>>

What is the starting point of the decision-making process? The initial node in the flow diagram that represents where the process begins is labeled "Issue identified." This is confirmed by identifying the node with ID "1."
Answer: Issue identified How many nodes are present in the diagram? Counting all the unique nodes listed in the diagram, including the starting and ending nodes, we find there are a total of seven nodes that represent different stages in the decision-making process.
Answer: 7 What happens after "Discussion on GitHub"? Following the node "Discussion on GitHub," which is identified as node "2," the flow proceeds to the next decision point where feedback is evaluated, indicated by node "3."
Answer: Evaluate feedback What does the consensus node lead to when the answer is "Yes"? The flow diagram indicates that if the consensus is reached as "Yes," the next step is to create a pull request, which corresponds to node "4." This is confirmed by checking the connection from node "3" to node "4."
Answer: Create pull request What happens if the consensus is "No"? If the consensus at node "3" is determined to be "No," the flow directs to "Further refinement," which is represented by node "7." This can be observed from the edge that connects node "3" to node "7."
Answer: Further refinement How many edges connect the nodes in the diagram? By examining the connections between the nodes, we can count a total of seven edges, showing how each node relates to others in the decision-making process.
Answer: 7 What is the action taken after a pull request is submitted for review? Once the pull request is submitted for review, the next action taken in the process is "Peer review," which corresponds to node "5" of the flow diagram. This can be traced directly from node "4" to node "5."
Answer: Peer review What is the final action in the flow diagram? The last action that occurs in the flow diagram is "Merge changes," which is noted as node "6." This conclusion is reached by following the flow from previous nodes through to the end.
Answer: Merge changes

<<

- **WHAT TO PRODUCE**: The answer must be every line of the records that holds the string "Peer".

- **SOLUTION FOR THIS PROBLEM**:
Answer: 7 What is the action taken after a pull request is submitted for review? Once the pull request is submitted for review, the next action taken in the process is "Peer review," which corresponds to node "5" of the flow diagram. This can be traced directly from node "4" to node "5."
Answer: Peer review What is the final action in the flow diagram? The last action that occurs in the flow diagram is "Merge changes," which is noted as node "6." This conclusion is reached by following the flow from previous nodes through to the end.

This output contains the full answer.